Directions for this task — An exact copy of the records below is needed, with every picture left out.
(Source material Opens)
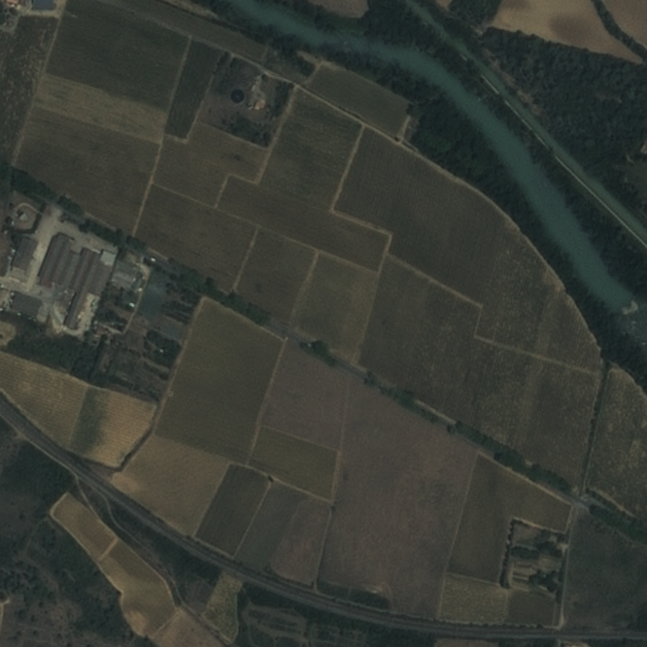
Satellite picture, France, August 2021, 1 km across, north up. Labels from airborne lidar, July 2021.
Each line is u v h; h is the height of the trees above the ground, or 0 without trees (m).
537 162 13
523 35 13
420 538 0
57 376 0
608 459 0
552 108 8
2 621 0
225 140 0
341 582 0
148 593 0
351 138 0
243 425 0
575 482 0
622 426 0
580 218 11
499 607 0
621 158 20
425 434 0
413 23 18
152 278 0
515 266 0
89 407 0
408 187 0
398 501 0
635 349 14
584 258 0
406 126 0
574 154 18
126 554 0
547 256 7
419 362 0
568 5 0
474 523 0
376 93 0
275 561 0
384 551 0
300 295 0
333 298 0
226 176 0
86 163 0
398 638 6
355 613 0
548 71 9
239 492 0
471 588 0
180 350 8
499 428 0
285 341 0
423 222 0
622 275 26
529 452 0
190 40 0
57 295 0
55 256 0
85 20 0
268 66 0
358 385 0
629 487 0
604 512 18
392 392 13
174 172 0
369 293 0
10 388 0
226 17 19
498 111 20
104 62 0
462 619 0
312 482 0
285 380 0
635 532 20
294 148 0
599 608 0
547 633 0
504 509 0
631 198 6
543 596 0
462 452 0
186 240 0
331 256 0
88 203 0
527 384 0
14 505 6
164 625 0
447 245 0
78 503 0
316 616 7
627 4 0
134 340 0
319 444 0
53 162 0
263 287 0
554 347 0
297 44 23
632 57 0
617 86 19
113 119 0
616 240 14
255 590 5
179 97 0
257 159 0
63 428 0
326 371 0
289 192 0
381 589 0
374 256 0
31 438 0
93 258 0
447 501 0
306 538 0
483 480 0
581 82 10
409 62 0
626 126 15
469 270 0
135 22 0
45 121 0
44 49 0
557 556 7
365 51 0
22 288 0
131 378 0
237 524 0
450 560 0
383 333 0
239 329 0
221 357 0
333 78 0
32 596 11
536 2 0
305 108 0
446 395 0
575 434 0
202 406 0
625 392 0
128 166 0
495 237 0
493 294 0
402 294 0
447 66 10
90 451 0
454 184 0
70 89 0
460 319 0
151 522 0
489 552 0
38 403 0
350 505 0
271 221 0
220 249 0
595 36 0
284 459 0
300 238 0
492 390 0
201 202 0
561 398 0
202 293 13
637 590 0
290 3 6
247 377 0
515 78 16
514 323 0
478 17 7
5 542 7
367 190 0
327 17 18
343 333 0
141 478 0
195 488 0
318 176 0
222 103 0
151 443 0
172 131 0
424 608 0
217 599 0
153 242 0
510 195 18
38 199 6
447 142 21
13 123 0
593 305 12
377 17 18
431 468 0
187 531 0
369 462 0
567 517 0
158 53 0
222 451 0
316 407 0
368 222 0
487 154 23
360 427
(Source material Closes)
Task response —
Satellite picture, France, August 2021, 1 km across, north up. Labels from airborne lidar, July 2021.
Each line is u v h; h is the height of the trees above the ground, or 0 without trees (m).
537 162 13
523 35 13
420 538 0
57 376 0
608 459 0
552 108 8
2 621 0
225 140 0
341 582 0
148 593 0
351 138 0
243 425 0
575 482 0
622 426 0
580 218 11
499 607 0
621 158 20
425 434 0
413 23 18
152 278 0
515 266 0
89 407 0
408 187 0
398 501 0
635 349 14
584 258 0
406 126 0
574 154 18
126 554 0
547 256 7
419 362 0
568 5 0
474 523 0
376 93 0
275 561 0
384 551 0
300 295 0
333 298 0
226 176 0
86 163 0
398 638 6
355 613 0
548 71 9
239 492 0
471 588 0
180 350 8
499 428 0
285 341 0
423 222 0
622 275 26
529 452 0
190 40 0
57 295 0
55 256 0
85 20 0
268 66 0
358 385 0
629 487 0
604 512 18
392 392 13
174 172 0
369 293 0
10 388 0
226 17 19
498 111 20
104 62 0
462 619 0
312 482 0
285 380 0
635 532 20
294 148 0
599 608 0
547 633 0
504 509 0
631 198 6
543 596 0
462 452 0
186 240 0
331 256 0
88 203 0
527 384 0
14 505 6
164 625 0
447 245 0
78 503 0
316 616 7
627 4 0
134 340 0
319 444 0
53 162 0
263 287 0
554 347 0
297 44 23
632 57 0
617 86 19
113 119 0
616 240 14
255 590 5
179 97 0
257 159 0
63 428 0
326 371 0
289 192 0
381 589 0
374 256 0
31 438 0
93 258 0
447 501 0
306 538 0
483 480 0
581 82 10
409 62 0
626 126 15
469 270 0
135 22 0
45 121 0
44 49 0
557 556 7
365 51 0
22 288 0
131 378 0
237 524 0
450 560 0
383 333 0
239 329 0
221 357 0
333 78 0
32 596 11
536 2 0
305 108 0
446 395 0
575 434 0
202 406 0
625 392 0
128 166 0
495 237 0
493 294 0
402 294 0
447 66 10
90 451 0
454 184 0
70 89 0
460 319 0
151 522 0
489 552 0
38 403 0
350 505 0
271 221 0
220 249 0
595 36 0
284 459 0
300 238 0
492 390 0
201 202 0
561 398 0
202 293 13
637 590 0
290 3 6
247 377 0
515 78 16
514 323 0
478 17 7
5 542 7
367 190 0
327 17 18
343 333 0
141 478 0
195 488 0
318 176 0
222 103 0
151 443 0
172 131 0
424 608 0
217 599 0
153 242 0
510 195 18
38 199 6
447 142 21
13 123 0
593 305 12
377 17 18
431 468 0
187 531 0
369 462 0
567 517 0
158 53 0
222 451 0
316 407 0
368 222 0
487 154 23
360 427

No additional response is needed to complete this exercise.